++++ Dataset extract ++++
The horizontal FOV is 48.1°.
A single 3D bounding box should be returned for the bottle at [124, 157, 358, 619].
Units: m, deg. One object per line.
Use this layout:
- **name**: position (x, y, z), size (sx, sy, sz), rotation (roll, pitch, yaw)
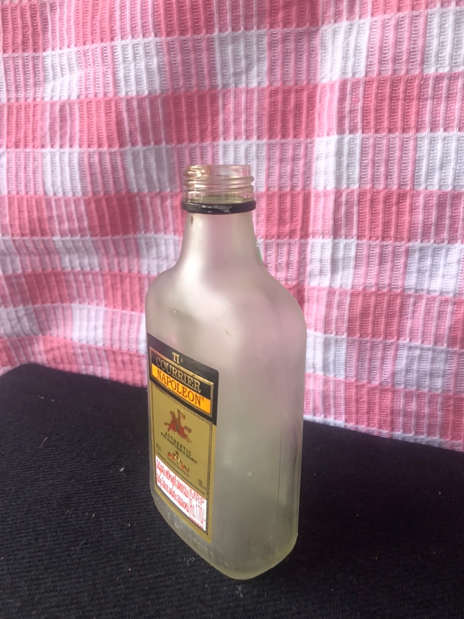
++++
▶ _Exercise prompt_
Each entry above should be copied exactly. The pictures should not.

▶ _Solved problem_
The horizontal FOV is 48.1°.
A single 3D bounding box should be returned for the bottle at [124, 157, 358, 619].
Units: m, deg. One object per line.
Use this layout:
- **name**: position (x, y, z), size (sx, sy, sz), rotation (roll, pitch, yaw)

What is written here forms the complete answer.